I'd like the number of lines in the material below that include the word "cuboid", written with no other text.

========

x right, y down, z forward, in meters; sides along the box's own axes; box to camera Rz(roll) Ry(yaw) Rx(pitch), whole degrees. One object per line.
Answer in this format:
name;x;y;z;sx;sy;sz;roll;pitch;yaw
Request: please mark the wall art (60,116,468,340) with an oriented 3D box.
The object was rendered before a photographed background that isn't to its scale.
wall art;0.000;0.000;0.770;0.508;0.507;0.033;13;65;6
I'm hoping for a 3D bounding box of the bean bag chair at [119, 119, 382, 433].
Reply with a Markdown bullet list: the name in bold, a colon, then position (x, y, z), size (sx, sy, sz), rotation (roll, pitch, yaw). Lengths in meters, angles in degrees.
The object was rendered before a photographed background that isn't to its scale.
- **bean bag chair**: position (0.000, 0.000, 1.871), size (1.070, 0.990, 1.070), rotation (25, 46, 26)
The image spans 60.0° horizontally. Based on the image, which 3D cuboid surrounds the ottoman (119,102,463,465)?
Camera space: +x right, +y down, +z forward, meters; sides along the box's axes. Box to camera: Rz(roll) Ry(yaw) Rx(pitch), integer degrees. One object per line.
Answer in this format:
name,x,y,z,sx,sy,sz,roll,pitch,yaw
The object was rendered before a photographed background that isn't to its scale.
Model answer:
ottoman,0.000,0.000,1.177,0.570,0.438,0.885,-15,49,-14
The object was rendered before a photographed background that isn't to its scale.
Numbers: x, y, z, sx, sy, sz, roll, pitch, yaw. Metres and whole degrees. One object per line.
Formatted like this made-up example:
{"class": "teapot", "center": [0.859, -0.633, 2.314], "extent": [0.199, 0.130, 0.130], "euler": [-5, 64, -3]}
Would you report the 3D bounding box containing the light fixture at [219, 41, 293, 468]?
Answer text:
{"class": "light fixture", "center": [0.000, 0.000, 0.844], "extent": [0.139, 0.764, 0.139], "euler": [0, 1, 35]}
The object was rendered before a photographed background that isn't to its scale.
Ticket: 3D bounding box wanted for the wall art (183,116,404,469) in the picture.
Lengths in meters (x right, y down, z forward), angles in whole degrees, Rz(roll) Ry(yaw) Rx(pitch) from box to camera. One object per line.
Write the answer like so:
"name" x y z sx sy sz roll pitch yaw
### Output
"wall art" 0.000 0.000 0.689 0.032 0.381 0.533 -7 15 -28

========

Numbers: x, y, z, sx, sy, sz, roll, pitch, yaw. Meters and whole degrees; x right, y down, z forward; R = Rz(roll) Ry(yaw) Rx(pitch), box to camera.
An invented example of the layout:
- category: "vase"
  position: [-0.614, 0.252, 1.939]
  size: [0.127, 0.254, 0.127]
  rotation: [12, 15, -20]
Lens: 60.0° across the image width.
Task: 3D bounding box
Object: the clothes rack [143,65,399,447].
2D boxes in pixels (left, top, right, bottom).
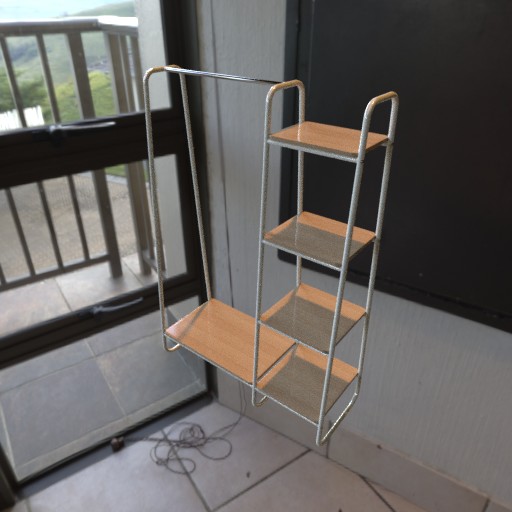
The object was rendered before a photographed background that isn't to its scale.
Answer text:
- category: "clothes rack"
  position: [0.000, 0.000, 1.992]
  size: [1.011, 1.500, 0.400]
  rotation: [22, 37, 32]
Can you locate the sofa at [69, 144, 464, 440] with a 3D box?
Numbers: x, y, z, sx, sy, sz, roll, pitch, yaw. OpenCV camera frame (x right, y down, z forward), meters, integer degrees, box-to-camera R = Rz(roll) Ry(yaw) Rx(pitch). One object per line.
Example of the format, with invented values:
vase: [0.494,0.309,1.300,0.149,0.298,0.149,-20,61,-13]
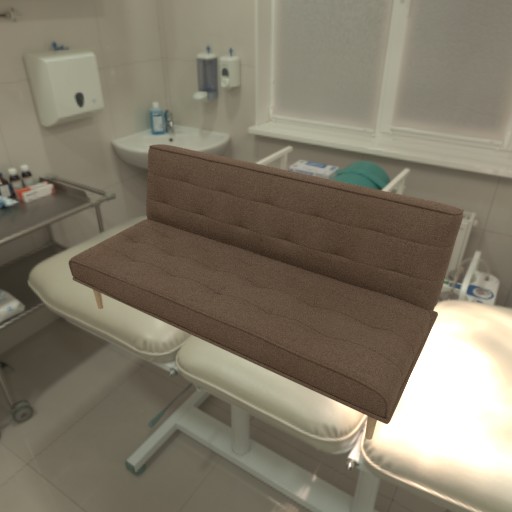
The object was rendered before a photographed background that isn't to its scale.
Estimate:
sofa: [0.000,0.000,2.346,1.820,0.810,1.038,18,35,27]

========

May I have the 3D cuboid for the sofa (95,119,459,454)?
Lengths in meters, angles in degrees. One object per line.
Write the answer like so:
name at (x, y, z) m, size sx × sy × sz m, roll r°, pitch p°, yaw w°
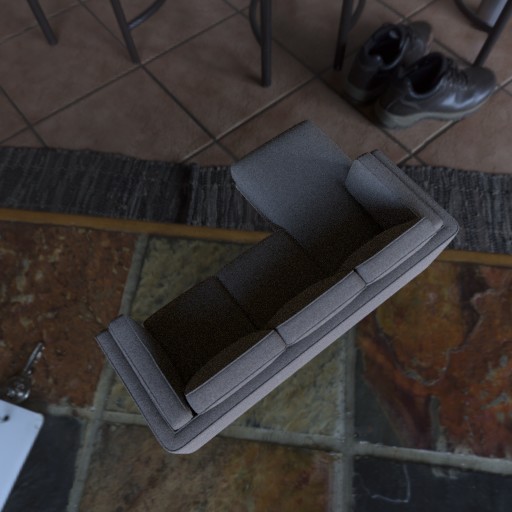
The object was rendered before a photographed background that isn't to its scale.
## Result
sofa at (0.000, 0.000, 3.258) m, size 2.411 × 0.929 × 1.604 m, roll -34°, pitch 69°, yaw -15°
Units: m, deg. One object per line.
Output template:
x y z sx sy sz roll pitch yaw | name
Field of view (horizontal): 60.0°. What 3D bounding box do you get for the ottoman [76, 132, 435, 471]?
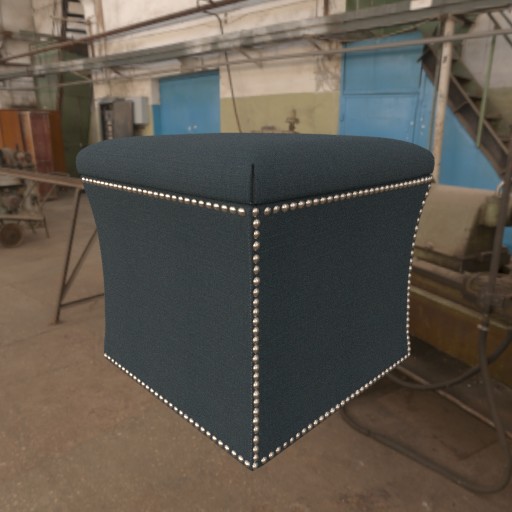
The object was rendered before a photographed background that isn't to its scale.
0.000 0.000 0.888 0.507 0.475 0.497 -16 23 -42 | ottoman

========

Your response - 2